## [TASK DIRECTIONS]
Work through the listing below and give again exactly the lines from the one with "Assume a horizontal FOV of 27.5°." to the one with "#3 sneaker (599, 478, 601, 479)", both ends included. All other lines and all pictures stay out.

## [PROVIDED MATERIAL]

== Segment start ==

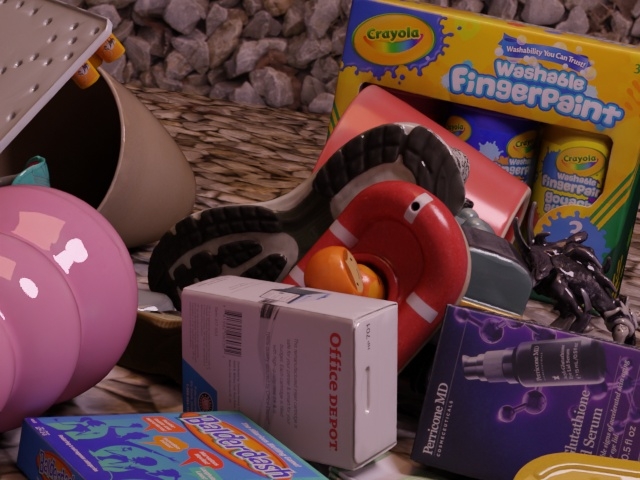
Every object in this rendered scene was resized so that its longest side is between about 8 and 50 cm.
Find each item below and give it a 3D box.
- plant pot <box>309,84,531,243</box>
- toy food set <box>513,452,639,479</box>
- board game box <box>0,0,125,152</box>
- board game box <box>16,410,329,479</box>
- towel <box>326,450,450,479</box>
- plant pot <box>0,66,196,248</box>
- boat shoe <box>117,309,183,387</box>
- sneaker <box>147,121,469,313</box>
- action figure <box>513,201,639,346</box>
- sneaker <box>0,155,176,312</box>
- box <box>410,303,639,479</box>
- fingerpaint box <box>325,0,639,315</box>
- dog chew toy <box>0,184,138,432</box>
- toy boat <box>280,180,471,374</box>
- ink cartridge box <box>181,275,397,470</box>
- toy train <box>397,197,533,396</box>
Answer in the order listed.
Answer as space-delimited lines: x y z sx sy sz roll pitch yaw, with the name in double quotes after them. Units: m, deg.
0.119 -0.026 2.059 0.243 0.275 0.275 24 15 10 "plant pot"
0.262 0.253 1.364 0.218 0.071 0.128 9 37 1 "toy food set"
-0.463 -0.146 1.933 0.390 0.390 0.050 25 -21 47 "board game box"
-0.123 0.192 1.337 0.210 0.047 0.160 2 15 -34 "board game box"
0.092 0.223 1.429 0.152 0.023 0.113 18 15 29 "towel"
-0.282 -0.084 2.063 0.256 0.256 0.274 18 -3 29 "plant pot"
-0.121 0.110 1.626 0.223 0.080 0.073 14 18 37 "boat shoe"
0.000 0.000 1.759 0.410 0.158 0.182 -23 -5 26 "sneaker"
0.284 0.097 1.751 0.276 0.141 0.164 48 31 6 "action figure"
-0.290 0.004 1.727 0.295 0.178 0.124 9 13 -9 "sneaker"
0.203 0.154 1.490 0.207 0.153 0.108 12 -1 14 "box"
0.239 -0.132 2.315 0.444 0.371 0.163 15 13 16 "fingerpaint box"
-0.288 0.074 1.398 0.206 0.207 0.332 13 19 10 "dog chew toy"
0.033 0.044 1.544 0.151 0.231 0.151 42 3 25 "toy boat"
-0.029 0.116 1.465 0.190 0.140 0.082 8 14 31 "ink cartridge box"
0.141 0.065 1.747 0.142 0.190 0.334 19 13 -5 "toy train"
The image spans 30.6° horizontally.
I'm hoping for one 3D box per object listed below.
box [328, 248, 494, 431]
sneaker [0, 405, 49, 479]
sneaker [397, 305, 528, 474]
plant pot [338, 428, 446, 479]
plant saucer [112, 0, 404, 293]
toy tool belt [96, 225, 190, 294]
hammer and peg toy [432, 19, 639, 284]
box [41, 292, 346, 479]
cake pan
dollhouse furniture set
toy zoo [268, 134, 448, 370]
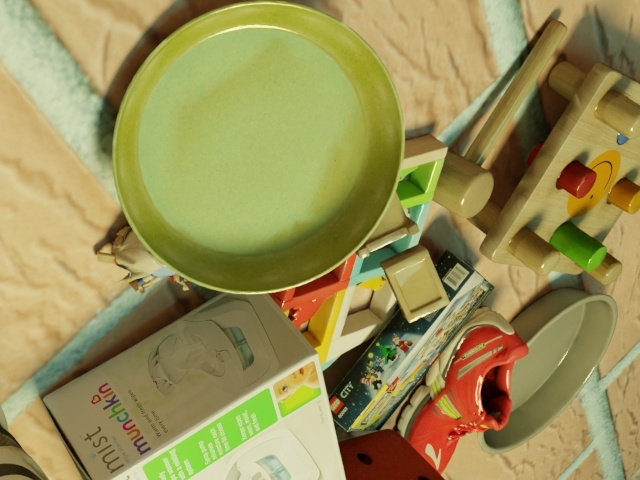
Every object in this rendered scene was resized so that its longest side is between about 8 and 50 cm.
[{"bbox_3d":[0.107,0.123,1.380,0.233,0.044,0.159,-52,163,3],"label":"box"},{"bbox_3d":[-0.252,0.346,1.014,0.169,0.257,0.447,-32,144,-25],"label":"sneaker"},{"bbox_3d":[0.189,0.222,1.543,0.107,0.118,0.279,-13,132,-42],"label":"sneaker"},{"bbox_3d":[0.039,0.378,1.375,0.267,0.267,0.235,-5,129,-48],"label":"plant pot"},{"bbox_3d":[-0.050,-0.075,0.946,0.241,0.037,0.241,-6,110,-17],"label":"plant saucer"},{"bbox_3d":[-0.152,0.020,1.007,0.051,0.052,0.083,-22,147,15],"label":"toy tool belt"},{"bbox_3d":[0.291,-0.083,1.344,0.361,0.127,0.266,10,115,-53],"label":"hammer and peg toy"},{"bbox_3d":[-0.112,0.203,1.136,0.231,0.127,0.262,-30,141,-18],"label":"box"},{"bbox_3d":[0.320,0.186,1.722,0.293,0.054,0.293,-31,143,-27],"label":"cake pan"},{"bbox_3d":[0.000,0.000,1.058,0.161,0.101,0.182,-25,103,-3],"label":"dollhouse furniture set"},{"bbox_3d":[0.023,0.035,1.236,0.192,0.030,0.293,-17,135,-40],"label":"toy zoo"}]
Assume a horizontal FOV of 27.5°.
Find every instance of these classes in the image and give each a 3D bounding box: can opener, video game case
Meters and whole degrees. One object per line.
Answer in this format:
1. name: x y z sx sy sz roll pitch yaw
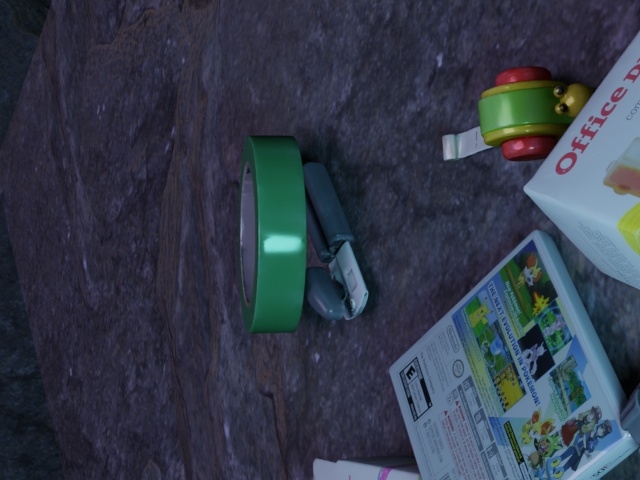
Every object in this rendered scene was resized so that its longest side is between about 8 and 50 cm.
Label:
1. can opener: 0.000 0.000 2.058 0.076 0.095 0.283 -56 45 44
2. video game case: 0.224 0.196 1.597 0.300 0.036 0.329 -47 38 28

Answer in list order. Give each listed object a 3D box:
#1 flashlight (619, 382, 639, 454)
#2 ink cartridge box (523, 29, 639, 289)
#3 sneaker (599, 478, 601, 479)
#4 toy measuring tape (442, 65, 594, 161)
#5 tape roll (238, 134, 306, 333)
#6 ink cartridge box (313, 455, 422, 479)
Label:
1. flashlight: 0.415 0.109 1.319 0.103 0.103 0.304 -81 11 -45
2. ink cartridge box: 0.409 -0.064 1.158 0.279 0.160 0.385 -53 33 -5
3. sneaker: 0.295 0.279 1.566 0.081 0.080 0.211 24 112 61
4. toy measuring tape: 0.219 -0.147 1.655 0.330 0.121 0.121 -13 79 60
5. tape roll: -0.082 -0.010 2.115 0.321 0.077 0.321 180 90 -80
6. ink cartridge box: 0.124 0.412 1.828 0.353 0.119 0.207 -5 86 59
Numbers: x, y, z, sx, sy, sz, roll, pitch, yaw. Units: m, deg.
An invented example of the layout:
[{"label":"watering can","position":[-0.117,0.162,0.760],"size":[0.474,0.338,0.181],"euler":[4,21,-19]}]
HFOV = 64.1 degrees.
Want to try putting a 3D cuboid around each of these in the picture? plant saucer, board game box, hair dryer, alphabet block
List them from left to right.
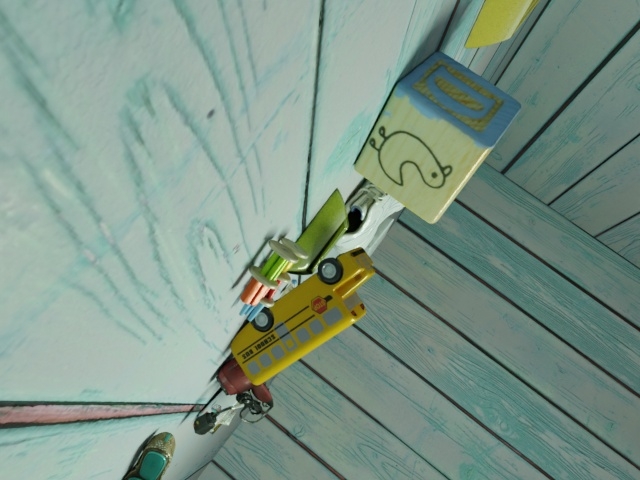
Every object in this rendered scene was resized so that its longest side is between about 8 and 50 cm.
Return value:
[{"label":"board game box","position":[-0.211,0.405,1.440],"size":[0.305,0.053,0.193],"euler":[-44,169,-24]},{"label":"hair dryer","position":[-0.160,0.329,1.207],"size":[0.223,0.080,0.294],"euler":[10,122,-54]},{"label":"plant saucer","position":[0.000,0.000,1.038],"size":[0.188,0.045,0.188],"euler":[-53,172,-3]},{"label":"alphabet block","position":[0.209,-0.187,0.927],"size":[0.193,0.192,0.197],"euler":[-44,166,-41]},{"label":"plant saucer","position":[0.458,-0.582,1.046],"size":[0.333,0.081,0.333],"euler":[-51,172,-11]}]

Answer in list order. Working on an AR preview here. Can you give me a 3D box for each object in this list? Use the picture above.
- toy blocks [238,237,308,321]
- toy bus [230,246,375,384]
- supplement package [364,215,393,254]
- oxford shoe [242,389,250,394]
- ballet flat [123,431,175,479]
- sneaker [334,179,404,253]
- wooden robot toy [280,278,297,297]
[{"label":"toy blocks","position":[-0.089,0.070,0.804],"size":[0.148,0.054,0.123],"euler":[-54,172,10]},{"label":"toy bus","position":[-0.028,0.150,1.031],"size":[0.332,0.130,0.108],"euler":[-37,171,19]},{"label":"supplement package","position":[0.111,-0.023,1.348],"size":[0.105,0.105,0.179],"euler":[-51,172,-13]},{"label":"oxford shoe","position":[-0.141,0.290,1.296],"size":[0.227,0.096,0.083],"euler":[-54,170,-4]},{"label":"ballet flat","position":[-0.331,0.447,0.997],"size":[0.206,0.073,0.067],"euler":[-53,-173,26]},{"label":"sneaker","position":[0.129,-0.092,1.184],"size":[0.297,0.111,0.129],"euler":[-55,164,0]},{"label":"wooden robot toy","position":[-0.060,0.160,1.255],"size":[0.076,0.079,0.173],"euler":[-50,171,-18]}]
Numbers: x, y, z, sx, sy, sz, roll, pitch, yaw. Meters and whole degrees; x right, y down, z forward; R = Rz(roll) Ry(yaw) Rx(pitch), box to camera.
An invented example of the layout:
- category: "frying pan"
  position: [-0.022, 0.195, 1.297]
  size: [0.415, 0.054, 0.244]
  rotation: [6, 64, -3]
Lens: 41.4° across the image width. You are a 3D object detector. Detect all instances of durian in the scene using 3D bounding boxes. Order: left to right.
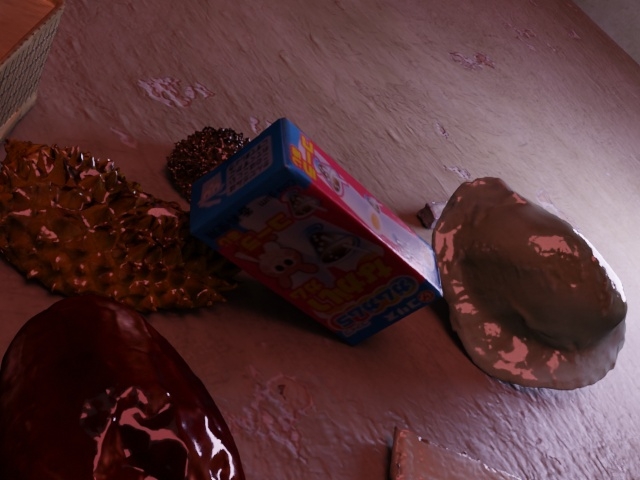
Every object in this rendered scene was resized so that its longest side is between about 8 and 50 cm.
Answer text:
- category: "durian"
  position: [-0.239, -0.014, 1.003]
  size: [0.341, 0.112, 0.191]
  rotation: [27, 33, -13]
- category: "durian"
  position: [-0.125, -0.108, 1.221]
  size: [0.188, 0.091, 0.148]
  rotation: [18, 38, -24]

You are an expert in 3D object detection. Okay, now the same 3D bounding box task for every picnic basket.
- category: "picnic basket"
  position: [-0.475, -0.212, 1.006]
  size: [0.228, 0.175, 0.313]
  rotation: [25, 32, -11]

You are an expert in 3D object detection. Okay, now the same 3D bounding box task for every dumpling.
- category: "dumpling"
  position: [0.324, 0.056, 1.279]
  size: [0.320, 0.212, 0.270]
  rotation: [37, 37, 24]

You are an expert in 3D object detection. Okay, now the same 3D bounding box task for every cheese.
- category: "cheese"
  position: [0.261, 0.337, 1.045]
  size: [0.400, 0.034, 0.085]
  rotation: [25, 36, -11]

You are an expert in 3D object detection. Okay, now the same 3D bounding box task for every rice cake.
- category: "rice cake"
  position: [0.252, -0.048, 1.495]
  size: [0.206, 0.036, 0.047]
  rotation: [-6, 63, -43]

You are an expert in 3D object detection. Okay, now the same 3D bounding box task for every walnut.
- category: "walnut"
  position: [-0.198, 0.200, 0.725]
  size: [0.269, 0.244, 0.222]
  rotation: [57, 2, 39]

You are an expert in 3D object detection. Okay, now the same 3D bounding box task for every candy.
- category: "candy"
  position: [0.000, 0.001, 1.052]
  size: [0.306, 0.157, 0.100]
  rotation: [38, 30, -35]
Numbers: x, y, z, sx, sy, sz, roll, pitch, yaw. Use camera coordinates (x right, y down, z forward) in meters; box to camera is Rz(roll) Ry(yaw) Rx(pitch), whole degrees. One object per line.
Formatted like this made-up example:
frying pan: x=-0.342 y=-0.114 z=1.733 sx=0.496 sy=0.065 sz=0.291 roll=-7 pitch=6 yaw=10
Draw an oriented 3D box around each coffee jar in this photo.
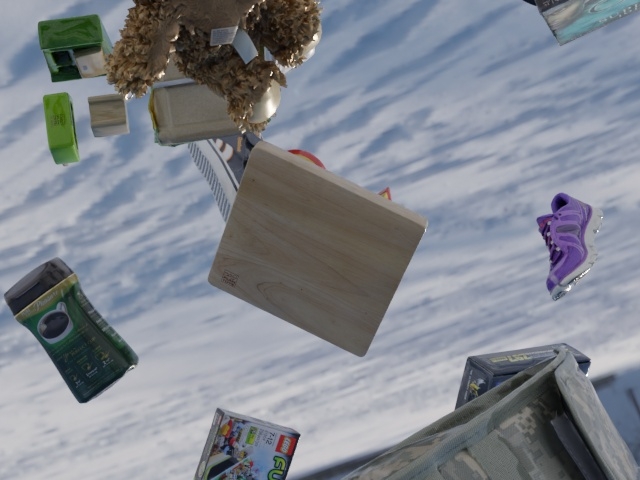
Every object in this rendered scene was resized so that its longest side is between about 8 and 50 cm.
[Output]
coffee jar: x=-0.329 y=0.117 z=1.581 sx=0.096 sy=0.184 sz=0.079 roll=-35 pitch=-176 yaw=9

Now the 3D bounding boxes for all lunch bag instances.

== Segment end ==

## [OUTPUT FOR THIS EXERCISE]
Assume a horizontal FOV of 27.5°.
Find every instance of these classes in the image and give each a 3D bounding box: can opener, video game case
Meters and whole degrees. One object per line.
Answer in this format:
1. name: x y z sx sy sz roll pitch yaw
Every object in this rendered scene was resized so that its longest side is between about 8 and 50 cm.
Label:
1. can opener: 0.000 0.000 2.058 0.076 0.095 0.283 -56 45 44
2. video game case: 0.224 0.196 1.597 0.300 0.036 0.329 -47 38 28

Answer in list order. Give each listed object a 3D box:
#1 flashlight (619, 382, 639, 454)
#2 ink cartridge box (523, 29, 639, 289)
#3 sneaker (599, 478, 601, 479)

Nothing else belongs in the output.